● EXERCISE GOAL:
Go through the entries below and print, exactly, the lines starting at the one with "Task: Point to" and ending at the one with "Task: Select the text starting", keeping both ends and no others.

Stored data:

_ _ _

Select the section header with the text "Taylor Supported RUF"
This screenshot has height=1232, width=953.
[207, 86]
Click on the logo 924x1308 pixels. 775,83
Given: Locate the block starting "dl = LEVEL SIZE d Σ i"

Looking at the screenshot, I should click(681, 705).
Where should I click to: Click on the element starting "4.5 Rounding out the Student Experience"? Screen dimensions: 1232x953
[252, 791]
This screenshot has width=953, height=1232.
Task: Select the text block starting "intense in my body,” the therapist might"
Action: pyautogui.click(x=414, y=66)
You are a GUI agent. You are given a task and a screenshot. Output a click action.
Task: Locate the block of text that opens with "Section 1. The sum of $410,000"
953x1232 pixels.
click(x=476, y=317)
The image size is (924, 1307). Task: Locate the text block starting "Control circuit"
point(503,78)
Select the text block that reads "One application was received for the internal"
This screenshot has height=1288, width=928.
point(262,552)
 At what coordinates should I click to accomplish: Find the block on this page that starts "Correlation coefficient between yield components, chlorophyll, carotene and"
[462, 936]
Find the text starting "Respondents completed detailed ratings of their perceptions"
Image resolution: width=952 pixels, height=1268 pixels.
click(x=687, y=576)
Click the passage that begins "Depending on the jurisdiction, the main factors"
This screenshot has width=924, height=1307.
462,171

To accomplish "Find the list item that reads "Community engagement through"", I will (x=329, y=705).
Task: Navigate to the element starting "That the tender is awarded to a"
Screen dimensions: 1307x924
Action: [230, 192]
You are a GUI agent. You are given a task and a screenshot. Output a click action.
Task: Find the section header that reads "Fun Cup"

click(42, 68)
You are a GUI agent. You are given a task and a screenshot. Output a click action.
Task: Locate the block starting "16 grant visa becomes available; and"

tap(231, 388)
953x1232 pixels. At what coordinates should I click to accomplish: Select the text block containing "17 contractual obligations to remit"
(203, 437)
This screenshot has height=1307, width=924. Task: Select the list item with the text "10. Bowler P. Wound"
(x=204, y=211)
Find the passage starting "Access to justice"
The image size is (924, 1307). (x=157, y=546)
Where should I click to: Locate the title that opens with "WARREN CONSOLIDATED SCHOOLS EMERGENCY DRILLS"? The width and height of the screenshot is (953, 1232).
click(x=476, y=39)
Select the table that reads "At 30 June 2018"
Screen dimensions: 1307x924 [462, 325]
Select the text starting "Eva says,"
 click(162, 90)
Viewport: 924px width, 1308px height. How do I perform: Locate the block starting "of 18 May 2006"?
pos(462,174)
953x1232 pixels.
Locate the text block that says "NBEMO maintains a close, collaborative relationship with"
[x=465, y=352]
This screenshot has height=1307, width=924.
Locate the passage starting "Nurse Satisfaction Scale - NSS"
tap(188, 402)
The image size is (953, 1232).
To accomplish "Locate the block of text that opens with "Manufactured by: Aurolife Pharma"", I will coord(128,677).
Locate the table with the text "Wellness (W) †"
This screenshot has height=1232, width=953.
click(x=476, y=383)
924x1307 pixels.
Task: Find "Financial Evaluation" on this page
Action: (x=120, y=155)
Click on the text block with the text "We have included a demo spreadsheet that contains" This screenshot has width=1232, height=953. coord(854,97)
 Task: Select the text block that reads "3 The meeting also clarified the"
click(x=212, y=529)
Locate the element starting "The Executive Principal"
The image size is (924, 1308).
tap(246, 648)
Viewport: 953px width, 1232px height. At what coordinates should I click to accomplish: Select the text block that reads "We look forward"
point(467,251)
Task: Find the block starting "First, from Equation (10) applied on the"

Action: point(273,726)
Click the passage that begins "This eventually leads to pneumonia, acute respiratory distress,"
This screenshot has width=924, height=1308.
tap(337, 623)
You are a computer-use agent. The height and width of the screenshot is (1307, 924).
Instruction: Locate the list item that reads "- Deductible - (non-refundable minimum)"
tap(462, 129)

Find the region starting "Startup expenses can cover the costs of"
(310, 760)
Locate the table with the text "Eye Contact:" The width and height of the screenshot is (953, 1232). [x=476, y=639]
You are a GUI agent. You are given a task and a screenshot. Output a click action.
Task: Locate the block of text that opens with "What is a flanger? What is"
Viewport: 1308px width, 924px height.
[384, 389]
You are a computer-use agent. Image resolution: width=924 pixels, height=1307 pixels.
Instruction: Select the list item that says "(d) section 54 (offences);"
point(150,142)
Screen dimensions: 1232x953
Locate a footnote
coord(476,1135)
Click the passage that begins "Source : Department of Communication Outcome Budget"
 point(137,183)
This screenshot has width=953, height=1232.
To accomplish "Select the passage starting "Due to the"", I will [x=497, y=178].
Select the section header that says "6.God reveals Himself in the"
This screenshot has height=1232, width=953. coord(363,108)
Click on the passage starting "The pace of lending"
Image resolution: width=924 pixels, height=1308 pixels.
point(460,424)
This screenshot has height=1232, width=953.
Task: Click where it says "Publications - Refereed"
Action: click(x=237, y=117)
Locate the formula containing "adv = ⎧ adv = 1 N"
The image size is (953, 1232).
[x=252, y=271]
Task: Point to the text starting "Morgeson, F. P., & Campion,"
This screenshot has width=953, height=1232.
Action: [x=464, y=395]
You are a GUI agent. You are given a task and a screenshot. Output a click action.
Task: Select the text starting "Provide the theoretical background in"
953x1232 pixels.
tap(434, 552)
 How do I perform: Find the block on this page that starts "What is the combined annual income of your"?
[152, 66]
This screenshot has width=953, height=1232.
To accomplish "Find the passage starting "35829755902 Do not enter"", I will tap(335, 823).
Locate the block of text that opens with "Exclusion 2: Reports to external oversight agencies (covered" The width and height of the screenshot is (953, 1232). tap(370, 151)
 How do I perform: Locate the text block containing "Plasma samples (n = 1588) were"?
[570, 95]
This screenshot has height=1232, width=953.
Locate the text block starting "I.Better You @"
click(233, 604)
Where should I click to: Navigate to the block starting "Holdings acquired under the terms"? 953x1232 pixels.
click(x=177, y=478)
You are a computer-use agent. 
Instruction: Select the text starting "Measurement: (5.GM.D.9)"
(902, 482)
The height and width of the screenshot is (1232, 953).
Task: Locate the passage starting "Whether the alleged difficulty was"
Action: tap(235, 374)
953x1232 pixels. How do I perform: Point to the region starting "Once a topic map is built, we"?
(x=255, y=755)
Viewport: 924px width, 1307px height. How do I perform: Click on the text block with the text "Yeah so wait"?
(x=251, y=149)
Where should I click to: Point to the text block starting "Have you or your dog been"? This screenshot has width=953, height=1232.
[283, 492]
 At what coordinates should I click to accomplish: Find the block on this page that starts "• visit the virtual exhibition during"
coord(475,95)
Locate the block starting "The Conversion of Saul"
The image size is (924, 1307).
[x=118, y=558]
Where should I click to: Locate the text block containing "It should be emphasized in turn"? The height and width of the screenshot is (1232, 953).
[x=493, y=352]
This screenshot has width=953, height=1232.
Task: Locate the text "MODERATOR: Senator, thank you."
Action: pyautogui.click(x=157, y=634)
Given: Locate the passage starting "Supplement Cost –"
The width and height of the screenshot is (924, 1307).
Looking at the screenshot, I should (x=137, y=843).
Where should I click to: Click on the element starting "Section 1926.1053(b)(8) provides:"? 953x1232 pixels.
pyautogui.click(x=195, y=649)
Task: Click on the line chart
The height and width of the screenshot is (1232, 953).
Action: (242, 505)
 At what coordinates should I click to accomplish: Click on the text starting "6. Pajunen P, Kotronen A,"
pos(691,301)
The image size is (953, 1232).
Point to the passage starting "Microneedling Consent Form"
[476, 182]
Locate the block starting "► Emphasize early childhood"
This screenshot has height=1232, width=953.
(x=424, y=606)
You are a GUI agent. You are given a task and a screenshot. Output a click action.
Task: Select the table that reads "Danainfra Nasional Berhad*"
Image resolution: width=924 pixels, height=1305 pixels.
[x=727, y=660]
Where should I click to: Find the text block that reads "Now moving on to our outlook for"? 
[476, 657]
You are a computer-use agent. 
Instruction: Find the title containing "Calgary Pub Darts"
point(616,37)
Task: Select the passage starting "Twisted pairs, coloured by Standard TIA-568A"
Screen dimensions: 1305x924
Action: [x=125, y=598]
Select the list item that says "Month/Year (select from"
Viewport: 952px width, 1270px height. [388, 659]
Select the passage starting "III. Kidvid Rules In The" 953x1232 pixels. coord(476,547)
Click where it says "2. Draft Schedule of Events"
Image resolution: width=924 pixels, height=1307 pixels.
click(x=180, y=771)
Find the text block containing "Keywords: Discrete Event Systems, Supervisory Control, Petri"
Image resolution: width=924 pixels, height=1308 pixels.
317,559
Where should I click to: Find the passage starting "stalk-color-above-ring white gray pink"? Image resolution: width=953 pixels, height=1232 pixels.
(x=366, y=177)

_ _ _

● ANSWER SECTION:
Task: Point to the text starting "Morgeson, F. P., & Campion,"
This screenshot has width=953, height=1232.
Action: [x=464, y=395]
You are a GUI agent. You are given a task and a screenshot. Output a click action.
Task: Select the text starting "Provide the theoretical background in"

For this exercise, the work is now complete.